- [WORKING DATA]

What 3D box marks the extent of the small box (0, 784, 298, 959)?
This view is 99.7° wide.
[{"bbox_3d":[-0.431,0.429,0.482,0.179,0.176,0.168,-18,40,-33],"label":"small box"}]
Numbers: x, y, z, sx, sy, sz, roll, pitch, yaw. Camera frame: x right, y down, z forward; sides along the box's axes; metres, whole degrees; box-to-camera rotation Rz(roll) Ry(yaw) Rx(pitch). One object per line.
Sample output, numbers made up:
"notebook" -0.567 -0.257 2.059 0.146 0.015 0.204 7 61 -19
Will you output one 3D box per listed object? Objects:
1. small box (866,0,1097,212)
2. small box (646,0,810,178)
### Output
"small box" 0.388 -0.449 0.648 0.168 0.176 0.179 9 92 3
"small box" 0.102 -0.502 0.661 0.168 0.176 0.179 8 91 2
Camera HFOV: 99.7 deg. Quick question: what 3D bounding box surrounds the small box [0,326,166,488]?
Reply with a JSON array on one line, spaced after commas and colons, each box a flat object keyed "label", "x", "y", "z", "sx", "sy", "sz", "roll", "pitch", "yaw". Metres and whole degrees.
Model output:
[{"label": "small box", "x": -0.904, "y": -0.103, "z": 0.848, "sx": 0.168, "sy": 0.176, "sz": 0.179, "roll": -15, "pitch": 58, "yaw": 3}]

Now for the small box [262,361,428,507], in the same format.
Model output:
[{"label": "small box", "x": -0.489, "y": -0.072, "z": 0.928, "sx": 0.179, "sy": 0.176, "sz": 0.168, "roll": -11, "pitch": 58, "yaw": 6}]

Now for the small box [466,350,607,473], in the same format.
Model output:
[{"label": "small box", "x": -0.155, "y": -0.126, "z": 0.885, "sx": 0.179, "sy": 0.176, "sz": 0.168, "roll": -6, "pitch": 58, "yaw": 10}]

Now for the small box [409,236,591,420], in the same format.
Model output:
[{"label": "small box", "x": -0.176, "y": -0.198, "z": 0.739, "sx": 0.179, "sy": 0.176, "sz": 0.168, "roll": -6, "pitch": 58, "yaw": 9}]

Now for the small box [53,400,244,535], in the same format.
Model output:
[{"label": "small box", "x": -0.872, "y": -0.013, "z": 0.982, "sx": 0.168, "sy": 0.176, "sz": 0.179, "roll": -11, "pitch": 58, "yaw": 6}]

- [WHAT YOU SHOULD DO]
Starting at the line in the records above that contains "Now for the small box [53,400,244,535], in", output every line up to and including the last one, with nothing added.

- [RESPONSE AREA]
Now for the small box [53,400,244,535], in the same format.
Model output:
[{"label": "small box", "x": -0.872, "y": -0.013, "z": 0.982, "sx": 0.168, "sy": 0.176, "sz": 0.179, "roll": -11, "pitch": 58, "yaw": 6}]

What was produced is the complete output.